* DATA FOR REVIEW

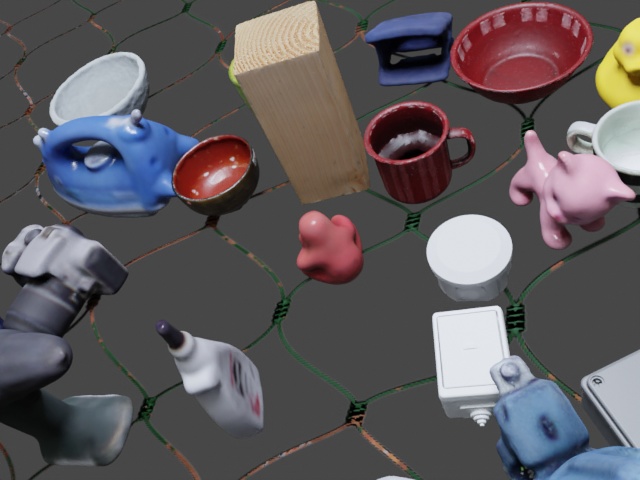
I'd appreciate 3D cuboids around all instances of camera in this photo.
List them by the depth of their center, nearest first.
[{"bbox_3d":[-0.337,0.053,0.699,0.142,0.101,0.137,9,59,27],"label":"camera"}]

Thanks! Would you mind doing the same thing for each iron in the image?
[{"bbox_3d":[-0.303,-0.115,0.782,0.257,0.142,0.118,-1,55,20],"label":"iron"}]

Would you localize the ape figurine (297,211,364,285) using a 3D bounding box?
[{"bbox_3d":[0.006,0.002,0.608,0.078,0.092,0.076,-33,50,-4],"label":"ape figurine"}]

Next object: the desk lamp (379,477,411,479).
[{"bbox_3d":[-0.004,0.222,0.372,0.202,0.214,0.118,-3,55,20],"label":"desk lamp"}]

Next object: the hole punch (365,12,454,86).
[{"bbox_3d":[0.120,-0.271,0.764,0.108,0.091,0.101,0,56,22],"label":"hole punch"}]

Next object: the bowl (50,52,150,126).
[{"bbox_3d":[-0.336,-0.217,0.914,0.167,0.075,0.167,-10,53,14],"label":"bowl"}]

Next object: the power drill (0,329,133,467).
[{"bbox_3d":[-0.274,0.147,0.535,0.229,0.209,0.075,-7,54,17],"label":"power drill"}]

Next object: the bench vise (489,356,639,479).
[{"bbox_3d":[0.159,0.159,0.350,0.121,0.220,0.206,-42,52,-11],"label":"bench vise"}]

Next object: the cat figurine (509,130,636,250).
[{"bbox_3d":[0.233,-0.055,0.544,0.067,0.118,0.127,-27,50,1],"label":"cat figurine"}]

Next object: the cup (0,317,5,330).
[{"bbox_3d":[-0.426,0.109,0.697,0.092,0.095,0.117,-46,52,-14],"label":"cup"}]

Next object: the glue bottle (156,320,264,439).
[{"bbox_3d":[-0.099,0.117,0.512,0.037,0.173,0.078,-21,51,6],"label":"glue bottle"}]

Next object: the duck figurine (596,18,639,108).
[{"bbox_3d":[0.347,-0.202,0.628,0.077,0.086,0.104,-1,56,21],"label":"duck figurine"}]
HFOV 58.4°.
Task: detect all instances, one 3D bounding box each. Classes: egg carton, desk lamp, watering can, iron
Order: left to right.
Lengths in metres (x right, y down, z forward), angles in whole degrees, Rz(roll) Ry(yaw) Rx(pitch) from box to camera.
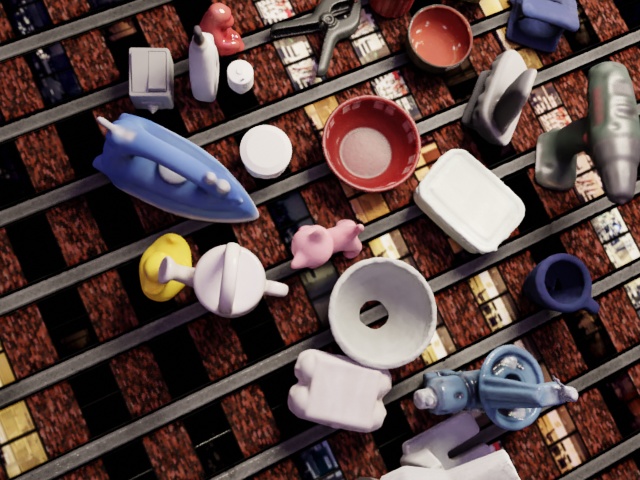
[{"bbox_3d":[-0.205,-0.104,0.844,0.258,0.141,0.119,25,79,-3],"label":"iron"},{"bbox_3d":[-0.134,0.058,0.802,0.173,0.194,0.101,-12,83,-9],"label":"watering can"},{"bbox_3d":[0.030,0.228,0.861,0.150,0.069,0.107,12,80,-5],"label":"egg carton"},{"bbox_3d":[0.175,0.333,0.791,0.203,0.213,0.118,-26,85,-10],"label":"desk lamp"}]

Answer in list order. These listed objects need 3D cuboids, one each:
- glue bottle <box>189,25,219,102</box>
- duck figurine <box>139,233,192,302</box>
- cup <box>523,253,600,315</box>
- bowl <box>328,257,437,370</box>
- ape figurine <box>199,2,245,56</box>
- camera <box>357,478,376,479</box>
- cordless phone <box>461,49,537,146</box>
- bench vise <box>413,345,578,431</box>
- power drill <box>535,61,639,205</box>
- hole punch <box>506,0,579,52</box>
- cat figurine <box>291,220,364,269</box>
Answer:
[{"bbox_3d":[-0.175,-0.273,0.858,0.037,0.173,0.078,6,81,-6],"label":"glue bottle"},{"bbox_3d":[-0.233,0.038,0.847,0.077,0.086,0.105,19,80,-4],"label":"duck figurine"},{"bbox_3d":[0.379,0.080,0.916,0.118,0.095,0.092,37,79,0],"label":"cup"},{"bbox_3d":[0.090,0.113,0.884,0.167,0.074,0.167,1,81,-7],"label":"bowl"},{"bbox_3d":[-0.158,-0.342,0.911,0.076,0.092,0.078,0,81,-7],"label":"ape figurine"},{"bbox_3d":[0.042,0.414,0.819,0.137,0.100,0.143,23,79,-3],"label":"camera"},{"bbox_3d":[0.310,-0.244,0.910,0.094,0.185,0.148,20,79,-4],"label":"cordless phone"},{"bbox_3d":[0.249,0.227,0.813,0.207,0.219,0.121,-24,85,-10],"label":"bench vise"},{"bbox_3d":[0.422,-0.148,0.898,0.075,0.208,0.230,7,81,-6],"label":"power drill"},{"bbox_3d":[0.387,-0.398,0.991,0.108,0.091,0.101,15,80,-5],"label":"hole punch"},{"bbox_3d":[0.008,0.003,0.868,0.128,0.117,0.067,-19,84,-10],"label":"cat figurine"}]
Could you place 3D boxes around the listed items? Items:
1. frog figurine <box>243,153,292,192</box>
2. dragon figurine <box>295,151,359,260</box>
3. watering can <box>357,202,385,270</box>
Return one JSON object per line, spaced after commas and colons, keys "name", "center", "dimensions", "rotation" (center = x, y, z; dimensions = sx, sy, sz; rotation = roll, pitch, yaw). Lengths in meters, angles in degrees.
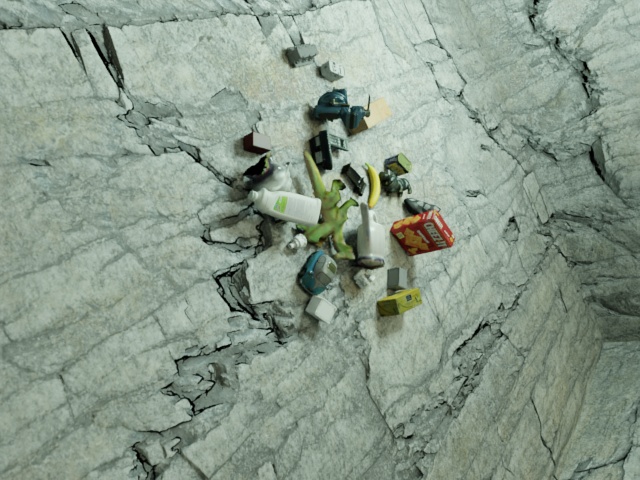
{"name": "frog figurine", "center": [-0.151, -0.192, 1.690], "dimensions": [0.138, 0.124, 0.157], "rotation": [-53, 130, -5]}
{"name": "dragon figurine", "center": [0.006, -0.092, 1.830], "dimensions": [0.406, 0.121, 0.247], "rotation": [49, 55, -19]}
{"name": "watering can", "center": [0.183, -0.008, 1.912], "dimensions": [0.344, 0.104, 0.227], "rotation": [41, 49, -70]}
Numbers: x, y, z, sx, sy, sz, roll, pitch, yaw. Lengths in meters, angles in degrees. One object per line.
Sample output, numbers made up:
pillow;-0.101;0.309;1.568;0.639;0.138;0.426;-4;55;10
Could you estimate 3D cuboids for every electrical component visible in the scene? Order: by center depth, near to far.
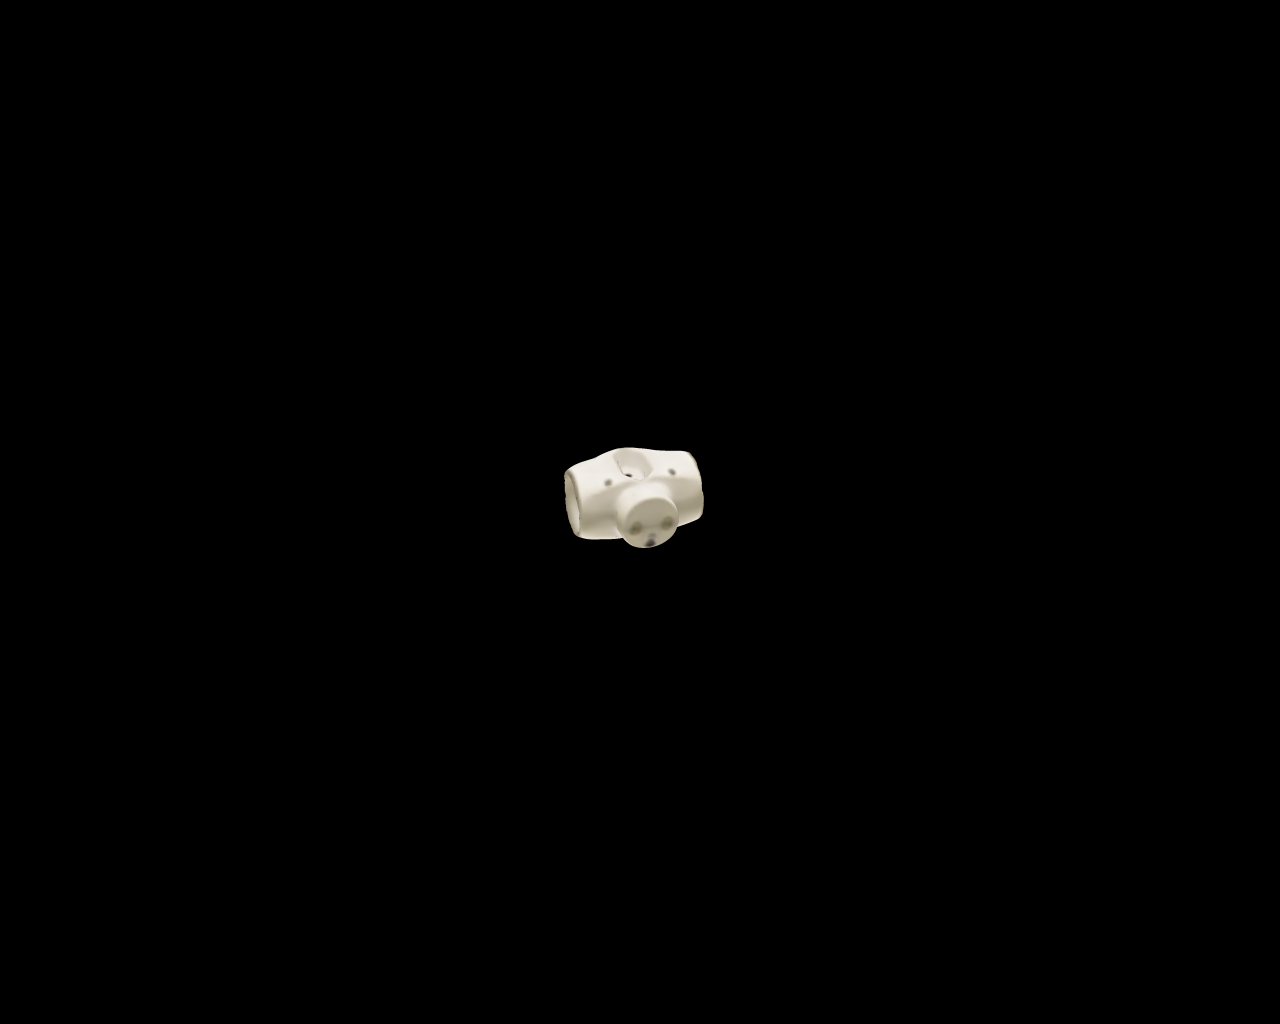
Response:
electrical component;0.001;-0.003;0.650;0.077;0.043;0.079;-8;32;-14
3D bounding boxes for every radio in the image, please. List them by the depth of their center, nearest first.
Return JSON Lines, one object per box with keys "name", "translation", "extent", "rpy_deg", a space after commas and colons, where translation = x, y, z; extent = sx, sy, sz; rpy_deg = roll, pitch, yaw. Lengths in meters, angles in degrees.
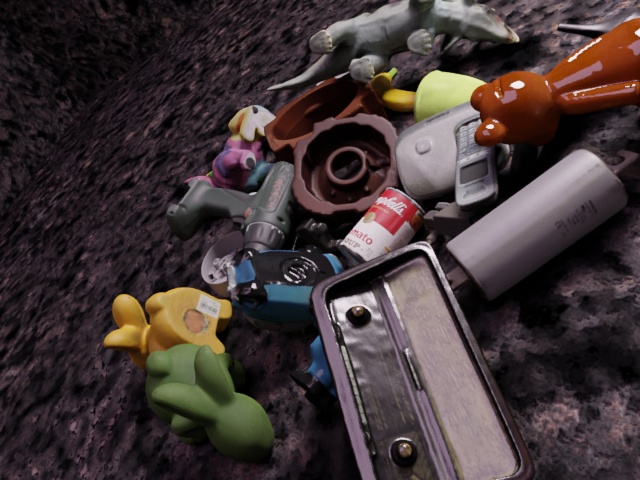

* WHAT TO WORK ON
Look through the data above. Copy every line with the string "listed" in it.

* EXPECTED OUTPUT
Answer in list order. These listed objects need 3D cuboids, one each:
Could you place 3D boxes around the listed items? Items:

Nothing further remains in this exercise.